Give the listing again in full, exactly as it appears.
★ ★ ★ ★ ★
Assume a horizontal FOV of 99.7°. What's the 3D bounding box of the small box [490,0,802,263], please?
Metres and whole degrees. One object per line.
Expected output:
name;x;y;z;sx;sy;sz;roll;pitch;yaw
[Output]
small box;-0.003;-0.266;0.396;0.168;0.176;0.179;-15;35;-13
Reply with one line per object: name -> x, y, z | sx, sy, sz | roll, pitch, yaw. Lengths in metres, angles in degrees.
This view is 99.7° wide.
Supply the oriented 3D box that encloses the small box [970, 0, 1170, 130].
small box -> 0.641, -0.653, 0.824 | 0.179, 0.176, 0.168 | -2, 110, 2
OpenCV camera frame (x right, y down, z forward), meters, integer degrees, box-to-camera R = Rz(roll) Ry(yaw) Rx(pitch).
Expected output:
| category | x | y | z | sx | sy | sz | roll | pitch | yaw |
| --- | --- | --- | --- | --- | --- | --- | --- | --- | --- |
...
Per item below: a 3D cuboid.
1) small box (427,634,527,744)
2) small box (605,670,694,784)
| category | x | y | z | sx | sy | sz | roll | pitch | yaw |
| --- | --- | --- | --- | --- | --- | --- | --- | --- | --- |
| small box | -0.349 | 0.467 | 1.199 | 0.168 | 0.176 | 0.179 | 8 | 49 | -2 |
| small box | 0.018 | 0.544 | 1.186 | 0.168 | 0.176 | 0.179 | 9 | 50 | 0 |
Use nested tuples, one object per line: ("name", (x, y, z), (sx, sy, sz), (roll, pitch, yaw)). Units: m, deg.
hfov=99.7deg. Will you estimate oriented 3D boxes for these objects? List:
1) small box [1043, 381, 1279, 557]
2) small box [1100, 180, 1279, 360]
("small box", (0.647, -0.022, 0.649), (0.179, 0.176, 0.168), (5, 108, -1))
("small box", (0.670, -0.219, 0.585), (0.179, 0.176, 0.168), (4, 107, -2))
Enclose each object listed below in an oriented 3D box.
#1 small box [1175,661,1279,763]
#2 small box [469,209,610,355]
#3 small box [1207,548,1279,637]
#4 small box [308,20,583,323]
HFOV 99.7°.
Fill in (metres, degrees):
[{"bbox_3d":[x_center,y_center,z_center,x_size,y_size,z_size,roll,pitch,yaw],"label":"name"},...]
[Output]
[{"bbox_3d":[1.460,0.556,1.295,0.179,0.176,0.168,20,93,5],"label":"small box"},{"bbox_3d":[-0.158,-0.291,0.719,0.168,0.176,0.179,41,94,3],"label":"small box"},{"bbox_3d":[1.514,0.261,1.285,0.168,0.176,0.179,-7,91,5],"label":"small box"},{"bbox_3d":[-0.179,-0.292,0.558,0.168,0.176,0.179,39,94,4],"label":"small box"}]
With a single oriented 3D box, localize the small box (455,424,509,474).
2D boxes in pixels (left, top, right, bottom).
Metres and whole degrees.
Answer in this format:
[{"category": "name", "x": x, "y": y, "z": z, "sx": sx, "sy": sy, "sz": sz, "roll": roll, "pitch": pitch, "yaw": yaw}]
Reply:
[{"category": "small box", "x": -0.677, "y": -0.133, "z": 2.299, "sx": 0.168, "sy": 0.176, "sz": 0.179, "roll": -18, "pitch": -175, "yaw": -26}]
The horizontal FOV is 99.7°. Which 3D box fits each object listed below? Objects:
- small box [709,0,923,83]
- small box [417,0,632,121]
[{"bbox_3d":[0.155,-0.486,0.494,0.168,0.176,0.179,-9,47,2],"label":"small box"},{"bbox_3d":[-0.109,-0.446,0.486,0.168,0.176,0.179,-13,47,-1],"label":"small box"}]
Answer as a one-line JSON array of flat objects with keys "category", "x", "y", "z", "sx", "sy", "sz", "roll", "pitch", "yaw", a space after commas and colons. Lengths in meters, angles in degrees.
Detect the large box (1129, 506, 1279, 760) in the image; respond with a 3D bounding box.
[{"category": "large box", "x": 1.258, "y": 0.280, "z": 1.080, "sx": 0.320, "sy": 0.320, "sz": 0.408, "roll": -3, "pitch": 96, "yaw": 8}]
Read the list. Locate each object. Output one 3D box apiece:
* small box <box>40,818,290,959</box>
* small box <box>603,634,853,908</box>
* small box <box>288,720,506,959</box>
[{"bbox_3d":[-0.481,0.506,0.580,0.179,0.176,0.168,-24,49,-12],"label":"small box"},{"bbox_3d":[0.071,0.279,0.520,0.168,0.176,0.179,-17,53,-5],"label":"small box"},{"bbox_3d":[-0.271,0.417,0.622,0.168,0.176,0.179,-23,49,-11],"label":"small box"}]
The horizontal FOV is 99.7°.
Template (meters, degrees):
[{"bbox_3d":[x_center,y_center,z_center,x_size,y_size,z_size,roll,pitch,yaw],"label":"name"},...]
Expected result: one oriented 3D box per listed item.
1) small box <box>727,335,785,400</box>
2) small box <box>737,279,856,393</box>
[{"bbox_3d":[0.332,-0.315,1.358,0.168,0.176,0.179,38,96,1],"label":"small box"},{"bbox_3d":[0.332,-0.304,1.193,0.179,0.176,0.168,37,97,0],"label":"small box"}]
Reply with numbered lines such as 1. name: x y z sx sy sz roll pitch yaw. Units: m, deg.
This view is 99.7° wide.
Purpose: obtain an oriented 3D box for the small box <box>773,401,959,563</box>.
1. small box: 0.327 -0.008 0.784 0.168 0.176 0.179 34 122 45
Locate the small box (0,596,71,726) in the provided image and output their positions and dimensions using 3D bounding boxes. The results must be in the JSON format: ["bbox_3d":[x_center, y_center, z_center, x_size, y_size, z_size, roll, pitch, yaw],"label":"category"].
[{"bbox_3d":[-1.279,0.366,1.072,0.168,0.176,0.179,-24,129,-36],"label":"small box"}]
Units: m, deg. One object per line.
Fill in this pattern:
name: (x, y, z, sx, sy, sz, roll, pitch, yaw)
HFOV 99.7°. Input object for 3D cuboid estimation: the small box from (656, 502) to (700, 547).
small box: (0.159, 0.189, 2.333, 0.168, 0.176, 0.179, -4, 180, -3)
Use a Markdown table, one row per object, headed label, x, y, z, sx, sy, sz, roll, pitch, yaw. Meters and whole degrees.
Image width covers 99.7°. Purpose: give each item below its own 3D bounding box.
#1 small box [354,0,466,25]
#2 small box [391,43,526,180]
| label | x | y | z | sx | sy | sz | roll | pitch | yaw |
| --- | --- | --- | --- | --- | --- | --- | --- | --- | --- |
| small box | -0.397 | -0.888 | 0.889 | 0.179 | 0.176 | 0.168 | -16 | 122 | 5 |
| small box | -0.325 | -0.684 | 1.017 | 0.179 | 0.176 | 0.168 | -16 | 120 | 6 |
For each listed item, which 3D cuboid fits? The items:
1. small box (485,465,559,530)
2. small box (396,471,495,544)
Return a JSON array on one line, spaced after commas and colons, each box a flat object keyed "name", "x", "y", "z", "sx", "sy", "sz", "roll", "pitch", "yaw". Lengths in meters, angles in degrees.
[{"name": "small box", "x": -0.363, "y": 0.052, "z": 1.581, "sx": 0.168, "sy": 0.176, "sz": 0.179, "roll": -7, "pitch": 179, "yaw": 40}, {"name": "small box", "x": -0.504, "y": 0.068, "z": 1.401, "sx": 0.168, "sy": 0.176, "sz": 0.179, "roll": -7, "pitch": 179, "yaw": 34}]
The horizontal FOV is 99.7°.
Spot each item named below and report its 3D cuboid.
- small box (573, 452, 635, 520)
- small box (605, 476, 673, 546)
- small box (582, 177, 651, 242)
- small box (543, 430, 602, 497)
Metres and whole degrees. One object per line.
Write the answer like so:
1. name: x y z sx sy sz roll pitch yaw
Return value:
★ ★ ★ ★ ★
--- OUTPUT OF THE EXERCISE ---
Assume a horizontal FOV of 99.7°. What's the 3D bounding box of the small box [490,0,802,263], please?
Metres and whole degrees. One object per line.
Expected output:
name;x;y;z;sx;sy;sz;roll;pitch;yaw
[Output]
small box;-0.003;-0.266;0.396;0.168;0.176;0.179;-15;35;-13
Reply with one line per object: name -> x, y, z | sx, sy, sz | roll, pitch, yaw. Lengths in metres, angles in degrees.
This view is 99.7° wide.
Supply the oriented 3D box that encloses the small box [970, 0, 1170, 130].
small box -> 0.641, -0.653, 0.824 | 0.179, 0.176, 0.168 | -2, 110, 2
OpenCV camera frame (x right, y down, z forward), meters, integer degrees, box-to-camera R = Rz(roll) Ry(yaw) Rx(pitch).
Expected output:
| category | x | y | z | sx | sy | sz | roll | pitch | yaw |
| --- | --- | --- | --- | --- | --- | --- | --- | --- | --- |
...
Per item below: a 3D cuboid.
1) small box (427,634,527,744)
2) small box (605,670,694,784)
| category | x | y | z | sx | sy | sz | roll | pitch | yaw |
| --- | --- | --- | --- | --- | --- | --- | --- | --- | --- |
| small box | -0.349 | 0.467 | 1.199 | 0.168 | 0.176 | 0.179 | 8 | 49 | -2 |
| small box | 0.018 | 0.544 | 1.186 | 0.168 | 0.176 | 0.179 | 9 | 50 | 0 |
Use nested tuples, one object per line: ("name", (x, y, z), (sx, sy, sz), (roll, pitch, yaw)). Units: m, deg.
hfov=99.7deg. Will you estimate oriented 3D boxes for these objects? List:
1) small box [1043, 381, 1279, 557]
2) small box [1100, 180, 1279, 360]
("small box", (0.647, -0.022, 0.649), (0.179, 0.176, 0.168), (5, 108, -1))
("small box", (0.670, -0.219, 0.585), (0.179, 0.176, 0.168), (4, 107, -2))
Enclose each object listed below in an oriented 3D box.
#1 small box [1175,661,1279,763]
#2 small box [469,209,610,355]
#3 small box [1207,548,1279,637]
#4 small box [308,20,583,323]
HFOV 99.7°.
Fill in (metres, degrees):
[{"bbox_3d":[x_center,y_center,z_center,x_size,y_size,z_size,roll,pitch,yaw],"label":"name"},...]
[Output]
[{"bbox_3d":[1.460,0.556,1.295,0.179,0.176,0.168,20,93,5],"label":"small box"},{"bbox_3d":[-0.158,-0.291,0.719,0.168,0.176,0.179,41,94,3],"label":"small box"},{"bbox_3d":[1.514,0.261,1.285,0.168,0.176,0.179,-7,91,5],"label":"small box"},{"bbox_3d":[-0.179,-0.292,0.558,0.168,0.176,0.179,39,94,4],"label":"small box"}]
With a single oriented 3D box, localize the small box (455,424,509,474).
2D boxes in pixels (left, top, right, bottom).
Metres and whole degrees.
Answer in this format:
[{"category": "name", "x": x, "y": y, "z": z, "sx": sx, "sy": sy, "sz": sz, "roll": roll, "pitch": pitch, "yaw": yaw}]
Reply:
[{"category": "small box", "x": -0.677, "y": -0.133, "z": 2.299, "sx": 0.168, "sy": 0.176, "sz": 0.179, "roll": -18, "pitch": -175, "yaw": -26}]
The horizontal FOV is 99.7°. Which 3D box fits each object listed below? Objects:
- small box [709,0,923,83]
- small box [417,0,632,121]
[{"bbox_3d":[0.155,-0.486,0.494,0.168,0.176,0.179,-9,47,2],"label":"small box"},{"bbox_3d":[-0.109,-0.446,0.486,0.168,0.176,0.179,-13,47,-1],"label":"small box"}]
Answer as a one-line JSON array of flat objects with keys "category", "x", "y", "z", "sx", "sy", "sz", "roll", "pitch", "yaw", a space after commas and colons. Lengths in meters, angles in degrees.
Detect the large box (1129, 506, 1279, 760) in the image; respond with a 3D bounding box.
[{"category": "large box", "x": 1.258, "y": 0.280, "z": 1.080, "sx": 0.320, "sy": 0.320, "sz": 0.408, "roll": -3, "pitch": 96, "yaw": 8}]
Read the list. Locate each object. Output one 3D box apiece:
* small box <box>40,818,290,959</box>
* small box <box>603,634,853,908</box>
* small box <box>288,720,506,959</box>
[{"bbox_3d":[-0.481,0.506,0.580,0.179,0.176,0.168,-24,49,-12],"label":"small box"},{"bbox_3d":[0.071,0.279,0.520,0.168,0.176,0.179,-17,53,-5],"label":"small box"},{"bbox_3d":[-0.271,0.417,0.622,0.168,0.176,0.179,-23,49,-11],"label":"small box"}]
The horizontal FOV is 99.7°.
Template (meters, degrees):
[{"bbox_3d":[x_center,y_center,z_center,x_size,y_size,z_size,roll,pitch,yaw],"label":"name"},...]
Expected result: one oriented 3D box per listed item.
1) small box <box>727,335,785,400</box>
2) small box <box>737,279,856,393</box>
[{"bbox_3d":[0.332,-0.315,1.358,0.168,0.176,0.179,38,96,1],"label":"small box"},{"bbox_3d":[0.332,-0.304,1.193,0.179,0.176,0.168,37,97,0],"label":"small box"}]
Reply with numbered lines such as 1. name: x y z sx sy sz roll pitch yaw. Units: m, deg.
This view is 99.7° wide.
Purpose: obtain an oriented 3D box for the small box <box>773,401,959,563</box>.
1. small box: 0.327 -0.008 0.784 0.168 0.176 0.179 34 122 45
Locate the small box (0,596,71,726) in the provided image and output their positions and dimensions using 3D bounding boxes. The results must be in the JSON format: ["bbox_3d":[x_center, y_center, z_center, x_size, y_size, z_size, roll, pitch, yaw],"label":"category"].
[{"bbox_3d":[-1.279,0.366,1.072,0.168,0.176,0.179,-24,129,-36],"label":"small box"}]
Units: m, deg. One object per line.
Fill in this pattern:
name: (x, y, z, sx, sy, sz, roll, pitch, yaw)
HFOV 99.7°. Input object for 3D cuboid estimation: the small box from (656, 502) to (700, 547).
small box: (0.159, 0.189, 2.333, 0.168, 0.176, 0.179, -4, 180, -3)
Use a Markdown table, one row per object, headed label, x, y, z, sx, sy, sz, roll, pitch, yaw. Meters and whole degrees.
Image width covers 99.7°. Purpose: give each item below its own 3D bounding box.
#1 small box [354,0,466,25]
#2 small box [391,43,526,180]
| label | x | y | z | sx | sy | sz | roll | pitch | yaw |
| --- | --- | --- | --- | --- | --- | --- | --- | --- | --- |
| small box | -0.397 | -0.888 | 0.889 | 0.179 | 0.176 | 0.168 | -16 | 122 | 5 |
| small box | -0.325 | -0.684 | 1.017 | 0.179 | 0.176 | 0.168 | -16 | 120 | 6 |
For each listed item, which 3D cuboid fits? The items:
1. small box (485,465,559,530)
2. small box (396,471,495,544)
Return a JSON array on one line, spaced after commas and colons, each box a flat object keyed "name", "x", "y", "z", "sx", "sy", "sz", "roll", "pitch", "yaw". Lengths in meters, angles in degrees.
[{"name": "small box", "x": -0.363, "y": 0.052, "z": 1.581, "sx": 0.168, "sy": 0.176, "sz": 0.179, "roll": -7, "pitch": 179, "yaw": 40}, {"name": "small box", "x": -0.504, "y": 0.068, "z": 1.401, "sx": 0.168, "sy": 0.176, "sz": 0.179, "roll": -7, "pitch": 179, "yaw": 34}]
The horizontal FOV is 99.7°.
Spot each item named below and report its 3D cuboid.
- small box (573, 452, 635, 520)
- small box (605, 476, 673, 546)
- small box (582, 177, 651, 242)
- small box (543, 430, 602, 497)
Metres and whole degrees. One object per line.
Write the answer like so:
1. name: x y z sx sy sz roll pitch yaw
Return value:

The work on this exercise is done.